5.4 Storia della Zecca dello Stato

Dopo la fine della seconda guerra mondiale e la proclamazione della Repubblica la Zecca italiana attraversò un periodo di rinnovamento e di sviluppo. Infatti, il neo-nato Stato repubblicano aveva bisogno di una propria monetazione e gli impianti ormai obsoleti e decimati durante il periodo bellico non erano certo in grado di far fronte alla crescente domanda di moneta. Di conseguenza, nel decennio a cavallo tra gli anni ’40 e ’50 la Zecca dello Stato visse un lungo periodo di ampliamento e rimodernamento sia con riferimento agli impianti di produzione sia con riferimento ai locali, anche mediante sopraelevazioni per accogliere le nuove macchine.

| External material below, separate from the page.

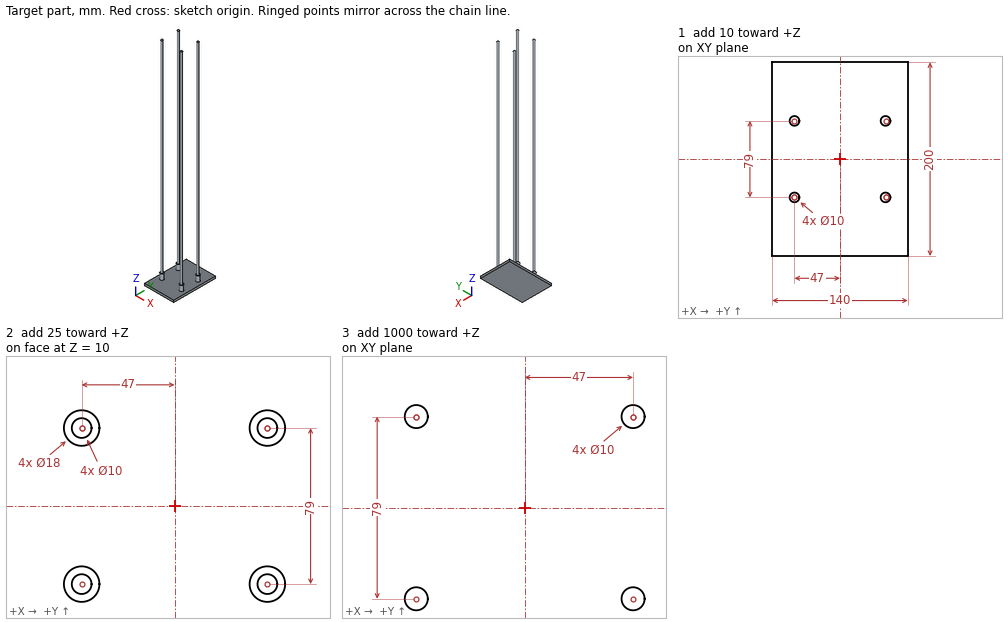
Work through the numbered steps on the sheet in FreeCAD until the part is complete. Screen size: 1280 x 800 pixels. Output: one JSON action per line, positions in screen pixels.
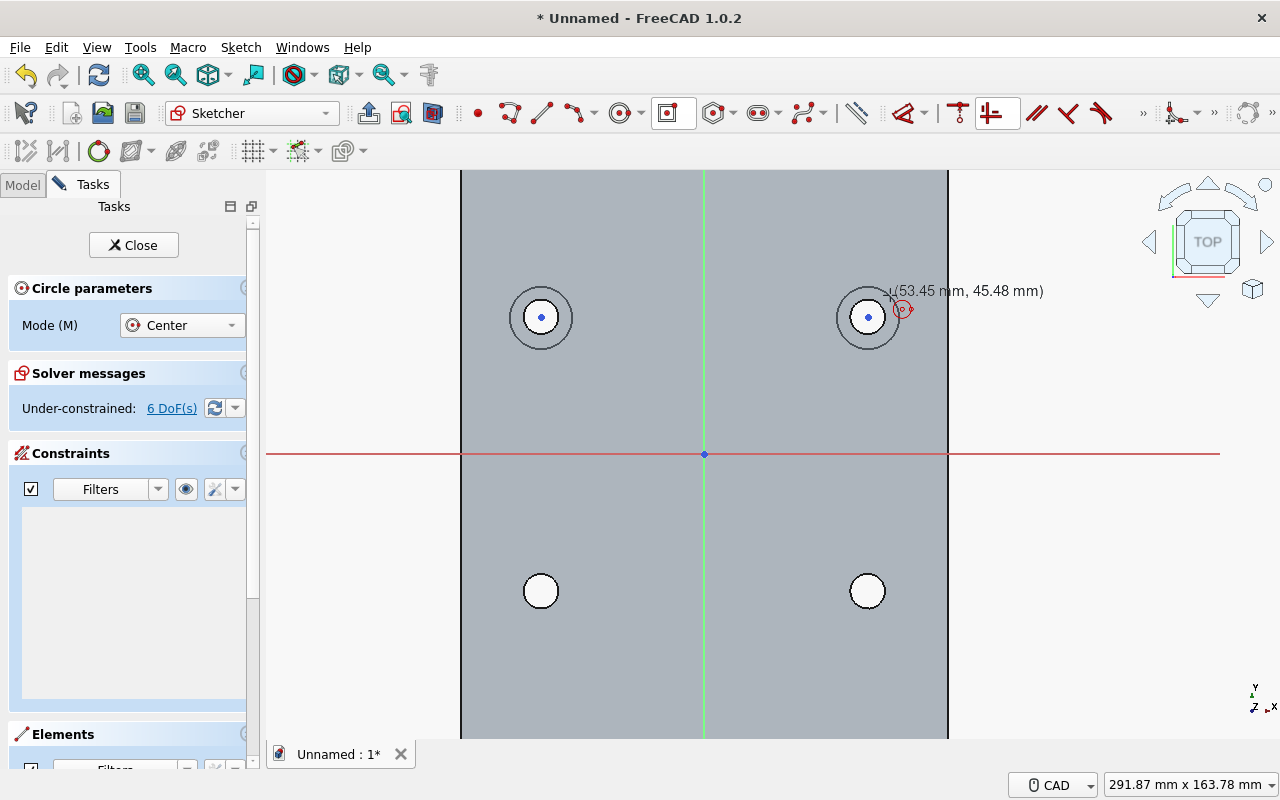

Questo processo di miglioramento viene descritto da Nicola Ielpo nel seguente modo: “la fonderia, che disponeva di attrezzature ormai obsolete, tranne un forno ad induzione ad alta frequenza, ceduto, però durante la guerra, ai tedeschi, fu dotata di tre forni ad induzione a media frequenza e di un impianto completo di fusione e colata semicontinua per leghe leggere di alluminio. Fu installato anche un laminatoio duo reversibile di notevole potenza capace di laminare a caldo ed a freddo i metalli. Esso era dotato di due forni di preriscaldo di cui uno elettrico e l’altro a gas propano. Più tardi ancora fu installato un impianto completo per la ricottura dell’argento in atmosfera controllata ed un impianto automatico di decapaggio dei tondelli[1].

Inoltre, anche la sala di stampa è stata rafforzata acquistando undici nuove presse monetarie dalla ditta inglese Taylor & Challen da 120 tonnellate con una capacità di coniazione di circa 120 monete al minuto.

Figura 123 – Pressa Taylor & Challen della Zecca di Roma. Fonte: Zecca (1955)

L’introduzione di queste nuove presse, congiuntamente all’aumento del personale dedicato alla fase di battitura, ha portato ad un notevole incremento della produttività. Infatti, nella relazione della Zecca per l’anno 1954 è stato osservato: “Gli indici di produttività per le macchine e per la mano d’opera per il 1954 e per i precedenti anni 1951, 1952 e 1953, dimostrano gli incrementi assai notevoli ottenuti sulla produzione complessiva nonché i sensibili aumenti realizzati nell’utilizzazione delle presse. […] Tali incrementi produttivi si sono realizzati principalmente con l’aumento del personale nel reparto stampa monete al quale è stato assegnato il maggior numero degli operai distaccati. Ma una parte non trascurabile dell’aumentata produzione è anche da attribuirsi all’installazione di nuove presse, nonché agli ampliamenti ed ai miglioramenti introdotti nei mezzi meccanici e nell’organizzazione dei servizi posteriormente al 1951. […] Inoltre, dopo la totale revisione, iniziatasi nel 1952, di 35 presse [si tratta delle presse Du Bosc, ndr], in funzione dal 1920, con la modifica di numerose parti meccaniche è stato possibile aumentare la velocità di queste presse da 85 a 105 colpi al minuto”.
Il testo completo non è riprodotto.